8. Business combinations
On 27 July 2017, the Group completed the acquisition of KOP Surface Products, a South Asian provider of advanced pressure
control wellhead technologies, systems and services for a consideration of $118.0m less cash acquired of $3.9m. The
acquisition was funded by the issue of shares totalling £90.0m. The provisional fair values, which are subject to
finalisation during the first half of 2018, are disclosed in the table below.
There are certain intangible assets included in the £51.6m of goodwill recognised that cannot be individually separated and
reliably measured due to their nature. These items include anticipated business growth, synergies and an assembled
workforce.
KOP provisional fair values
2017
£m
Property, plant & equipment 7.9
Inventories 3.4
Intangible assets
- customer relationships 5.4
- brand name 4.4
- intellectual property 12.4
Trade & other receivables 10.4
Cash & cash equivalents 3.2
Trade & other payables (7.0)
Provisions (4.1)
Current tax 1.4
Deferred tax 3.5
Fair value of net assets 40.9
Goodwill arising on acquisition 51.6
Total consideration 92.5
The total net cash outflow on current year acquisitions was as follows
- cash paid (92.5)
- cash & cash equivalents acquired 3.2
Total cash outflow (note 13) (89.3)
The gross amount and fair value of KOP trade receivables amounts to £10.4m. It is expected that virtually all the
contractual amounts will be collected.
KOP contributed £13.3m to revenue and an operating loss of £4.3m (including exceptional items and intangibles amortisation)

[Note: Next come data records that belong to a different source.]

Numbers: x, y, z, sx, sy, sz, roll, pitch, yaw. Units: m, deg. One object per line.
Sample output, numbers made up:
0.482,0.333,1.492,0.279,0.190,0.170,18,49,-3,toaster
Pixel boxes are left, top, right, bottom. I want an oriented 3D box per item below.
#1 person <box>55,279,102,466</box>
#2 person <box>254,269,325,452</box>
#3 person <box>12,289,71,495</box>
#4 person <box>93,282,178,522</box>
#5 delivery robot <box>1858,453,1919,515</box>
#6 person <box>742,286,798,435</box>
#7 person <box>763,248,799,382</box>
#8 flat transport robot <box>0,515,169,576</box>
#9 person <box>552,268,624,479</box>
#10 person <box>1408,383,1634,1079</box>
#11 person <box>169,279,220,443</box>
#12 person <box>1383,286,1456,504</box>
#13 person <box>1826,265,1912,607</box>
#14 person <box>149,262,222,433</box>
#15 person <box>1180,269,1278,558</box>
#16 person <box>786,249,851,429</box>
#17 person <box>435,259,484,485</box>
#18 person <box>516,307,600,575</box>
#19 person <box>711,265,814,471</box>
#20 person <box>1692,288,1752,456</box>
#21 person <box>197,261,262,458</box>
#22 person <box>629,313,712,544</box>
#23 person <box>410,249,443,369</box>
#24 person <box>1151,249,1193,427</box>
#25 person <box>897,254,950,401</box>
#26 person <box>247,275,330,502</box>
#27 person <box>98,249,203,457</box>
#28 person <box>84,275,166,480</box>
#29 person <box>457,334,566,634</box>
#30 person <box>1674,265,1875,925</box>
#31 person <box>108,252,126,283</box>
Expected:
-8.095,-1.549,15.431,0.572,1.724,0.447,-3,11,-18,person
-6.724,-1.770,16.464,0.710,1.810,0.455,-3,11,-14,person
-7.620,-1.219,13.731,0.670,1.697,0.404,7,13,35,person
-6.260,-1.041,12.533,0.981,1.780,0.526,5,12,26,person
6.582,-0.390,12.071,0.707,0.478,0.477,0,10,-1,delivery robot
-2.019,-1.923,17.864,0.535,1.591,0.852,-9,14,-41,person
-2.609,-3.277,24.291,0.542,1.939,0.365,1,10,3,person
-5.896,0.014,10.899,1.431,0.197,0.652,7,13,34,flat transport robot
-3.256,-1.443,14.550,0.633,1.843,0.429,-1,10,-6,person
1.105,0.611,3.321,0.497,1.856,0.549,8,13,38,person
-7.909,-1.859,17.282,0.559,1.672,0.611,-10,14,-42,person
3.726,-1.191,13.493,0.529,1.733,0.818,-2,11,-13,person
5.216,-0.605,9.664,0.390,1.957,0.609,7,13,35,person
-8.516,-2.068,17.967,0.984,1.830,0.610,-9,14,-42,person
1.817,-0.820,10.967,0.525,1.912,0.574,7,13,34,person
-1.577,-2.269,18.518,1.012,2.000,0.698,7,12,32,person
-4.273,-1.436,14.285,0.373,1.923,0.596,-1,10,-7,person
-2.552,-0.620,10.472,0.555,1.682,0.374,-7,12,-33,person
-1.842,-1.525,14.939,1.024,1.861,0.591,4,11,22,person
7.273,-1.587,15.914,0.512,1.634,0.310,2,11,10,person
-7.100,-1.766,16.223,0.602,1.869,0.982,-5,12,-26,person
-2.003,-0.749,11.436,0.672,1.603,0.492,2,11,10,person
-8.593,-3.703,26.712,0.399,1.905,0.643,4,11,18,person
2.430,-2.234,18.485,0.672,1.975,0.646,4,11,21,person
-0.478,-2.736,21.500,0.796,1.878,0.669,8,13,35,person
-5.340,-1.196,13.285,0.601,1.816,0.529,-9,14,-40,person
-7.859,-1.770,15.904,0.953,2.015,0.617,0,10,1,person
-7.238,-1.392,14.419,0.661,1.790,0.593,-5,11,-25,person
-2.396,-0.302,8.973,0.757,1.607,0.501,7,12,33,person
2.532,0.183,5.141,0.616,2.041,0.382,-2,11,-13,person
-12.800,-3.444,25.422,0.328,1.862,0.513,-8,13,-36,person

in the period from acquisition to 31 December 2017. If the acquisition had occurred at the start of 2017 the revenue and
profit for the year from acquired operations after exceptional items and intangibles amortisation, would not have been
materially different from the results disclosed in the Consolidated Income Statement. Acquisition costs totalled £1.5m in
the year.
8. Business combinations (continued)
Contingent consideration
Asset Liability
2017 2016 2017 2016
£m £m £m £m
Opening balance 3.9 - (31.0) (35.9)
Liability arising on business combinations - - - (0.6)

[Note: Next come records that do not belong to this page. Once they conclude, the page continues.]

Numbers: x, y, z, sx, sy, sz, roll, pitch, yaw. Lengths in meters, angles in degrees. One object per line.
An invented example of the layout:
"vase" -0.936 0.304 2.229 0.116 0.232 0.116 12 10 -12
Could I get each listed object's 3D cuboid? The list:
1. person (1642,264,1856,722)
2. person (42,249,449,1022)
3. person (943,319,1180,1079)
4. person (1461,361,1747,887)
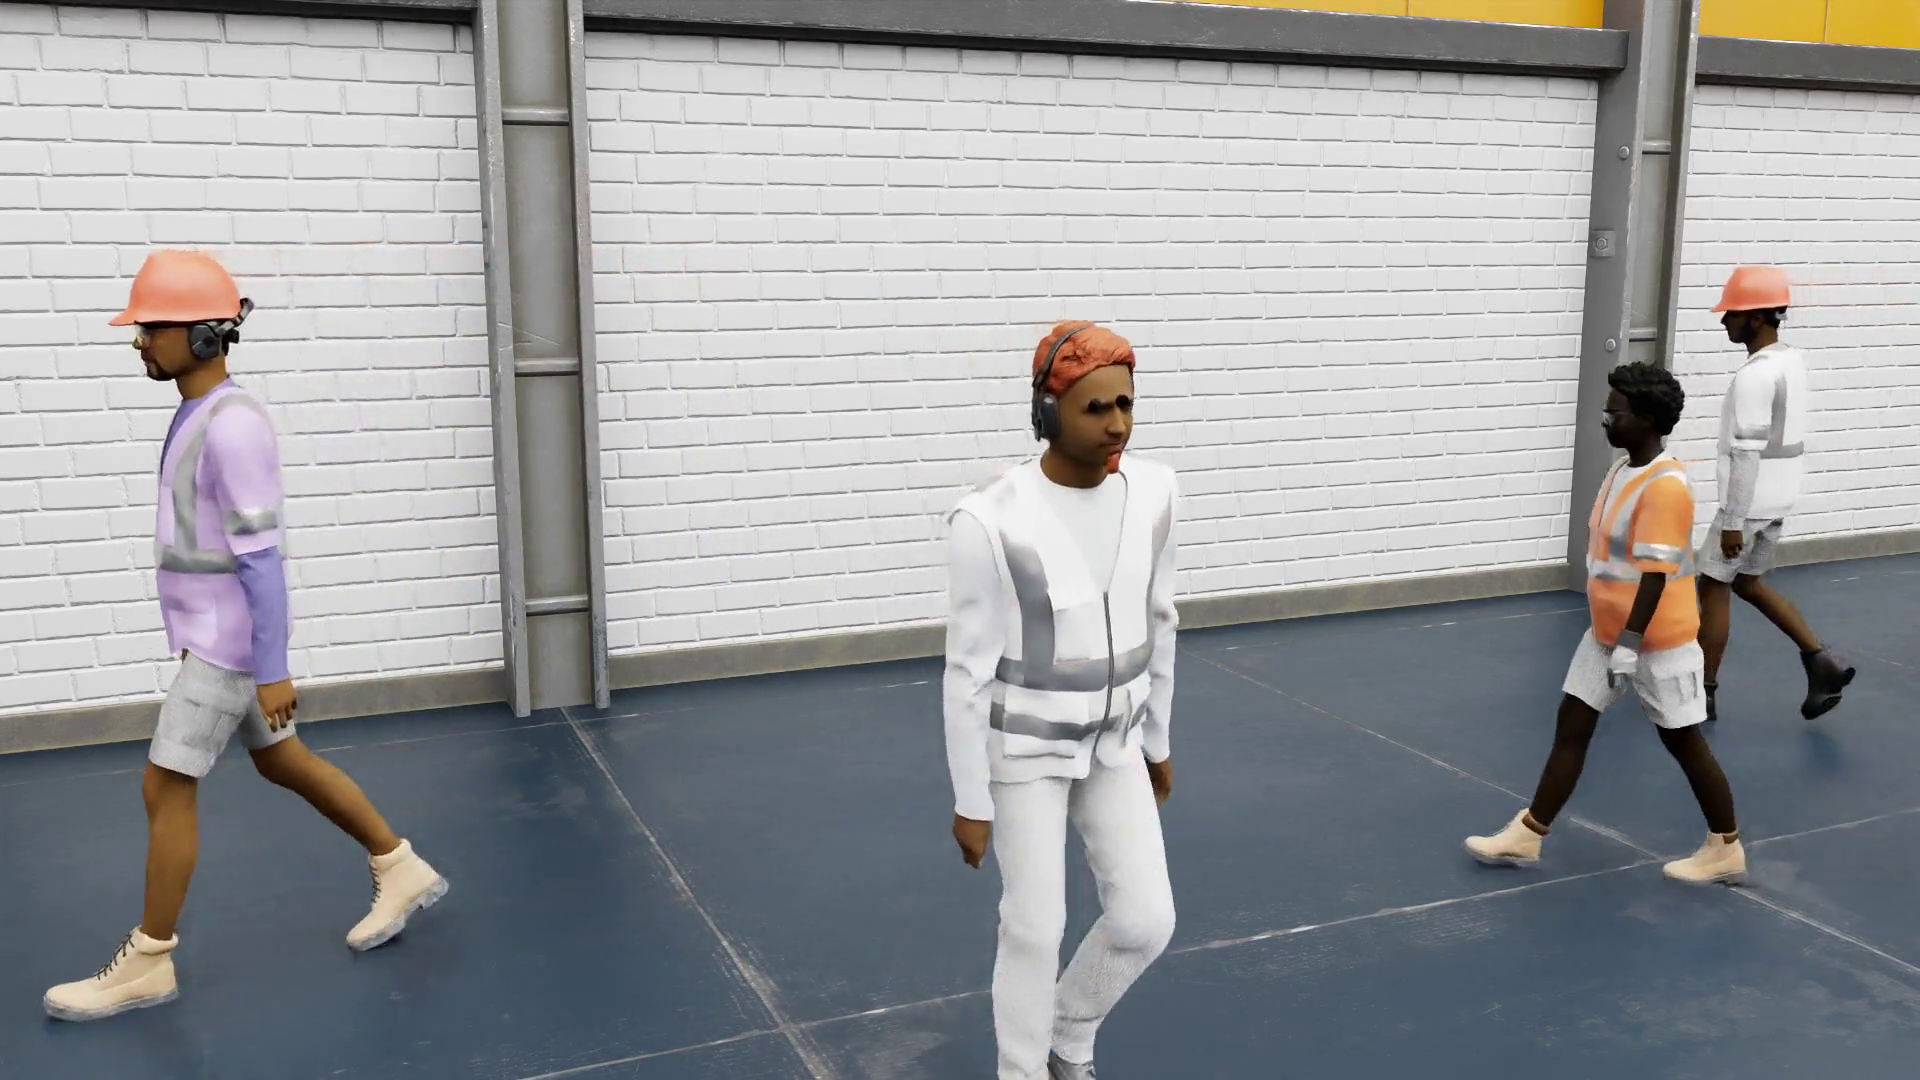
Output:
"person" 3.291 -0.166 6.840 0.721 1.919 0.590 10 14 42
"person" -1.923 0.227 4.464 1.039 2.002 0.617 -6 12 -29
"person" 0.230 0.466 3.516 0.602 1.863 0.421 -7 12 -32
"person" 2.088 0.274 5.167 0.867 1.648 0.547 1 10 4

Asset arising on business disposal 0.4 4.6 - -
Fair value changes in profit or loss (note 3) (0.1) (0.4) (9.1) 3.7
Contingent consideration (received) paid (note 13) (3.5) (0.6) 38.0 10.6
Unwind of discount (note 3) - - (0.8) (3.8)

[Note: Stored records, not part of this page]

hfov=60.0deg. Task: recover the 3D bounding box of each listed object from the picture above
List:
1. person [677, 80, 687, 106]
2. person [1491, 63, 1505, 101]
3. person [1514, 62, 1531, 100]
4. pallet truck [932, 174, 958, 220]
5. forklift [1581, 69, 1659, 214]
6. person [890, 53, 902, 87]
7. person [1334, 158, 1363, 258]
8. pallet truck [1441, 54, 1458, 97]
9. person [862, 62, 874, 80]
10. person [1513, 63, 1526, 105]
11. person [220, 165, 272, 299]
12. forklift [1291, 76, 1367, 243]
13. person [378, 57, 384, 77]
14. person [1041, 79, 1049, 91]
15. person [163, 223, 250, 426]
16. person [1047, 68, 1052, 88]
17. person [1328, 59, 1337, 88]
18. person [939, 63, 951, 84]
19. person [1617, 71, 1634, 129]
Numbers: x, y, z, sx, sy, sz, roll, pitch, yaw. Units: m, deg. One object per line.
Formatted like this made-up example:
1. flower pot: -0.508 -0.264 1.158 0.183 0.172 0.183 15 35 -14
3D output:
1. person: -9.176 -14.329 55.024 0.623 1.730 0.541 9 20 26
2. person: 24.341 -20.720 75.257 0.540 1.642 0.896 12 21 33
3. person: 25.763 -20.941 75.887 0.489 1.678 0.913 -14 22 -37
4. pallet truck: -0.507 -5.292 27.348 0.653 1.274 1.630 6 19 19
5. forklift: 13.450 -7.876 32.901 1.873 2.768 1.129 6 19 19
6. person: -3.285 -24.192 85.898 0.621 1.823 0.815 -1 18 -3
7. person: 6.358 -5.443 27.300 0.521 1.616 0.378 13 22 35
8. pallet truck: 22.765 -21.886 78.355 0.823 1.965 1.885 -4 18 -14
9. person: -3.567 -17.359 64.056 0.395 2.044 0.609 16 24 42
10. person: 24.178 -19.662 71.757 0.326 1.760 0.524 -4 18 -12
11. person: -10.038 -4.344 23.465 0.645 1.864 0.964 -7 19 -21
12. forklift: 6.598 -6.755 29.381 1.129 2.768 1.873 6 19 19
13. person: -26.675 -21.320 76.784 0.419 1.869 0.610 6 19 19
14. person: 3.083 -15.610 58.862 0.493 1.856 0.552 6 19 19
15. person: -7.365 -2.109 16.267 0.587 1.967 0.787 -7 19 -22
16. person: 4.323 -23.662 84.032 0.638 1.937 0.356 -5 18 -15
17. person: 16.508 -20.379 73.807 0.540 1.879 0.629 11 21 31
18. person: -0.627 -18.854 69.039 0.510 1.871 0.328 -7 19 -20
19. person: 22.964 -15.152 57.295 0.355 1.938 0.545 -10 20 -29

Exchange movements in the year (0.3) 0.3 (0.5) (5.0)
Closing balance 0.4 3.9 (3.4) (31.0)
Any contingent consideration is recognised at the date of acquisition or disposal of a subsidiary.
i) Contingent consideration receivable
The disposal of American Hydro Corporation in 2016 included a final escrow payment of £3.6m due for settlement in 2017.
This balance was settled during the year with £3.5m cash received and a £0.1m adjustment recorded in discontinued
operations.
An escrow receivable of £0.4m was booked in the year relating to the sale of the joint venture entity, Energy Products LLC
(EPI). The balance is to be received early 2018.
ii) Contingent consideration payable
The deferred consideration payable in relation to the acquisition of Weir International in 2011 has been settled in the
year following an agreement being reached to complete the purchase of the remaining minority interest. In 2017 a fair value
adjustment of £9.6m and an unwind of £0.8m was recorded with payment of the closing deferred consideration in December 2017
to complete the purchase of the remaining minority interest for payment proceeds of £36.6m.
The remaining deferred consideration of £1.3m for the 2015 acquisition of Delta Valves was settled in the year. Based on
final negotiations, £0.8m was paid in cash with the remainder of the balance written off as a fair value adjustment. The
deferred consideration of £0.6m relating to the 2016 purchase of the remaining shareholding of Shengli Oilfield Weir
Highland Pump Company Ltd (Shengli) was paid during the year.
There is contingent consideration payable of £3.4m remaining in relation to the 2014 Weir Trio acquisition. This relates to
working capital balances and is now expected to be finalised in 2018. A reconciliation of fair value measurement of the
contingent consideration asset and liability is provided above.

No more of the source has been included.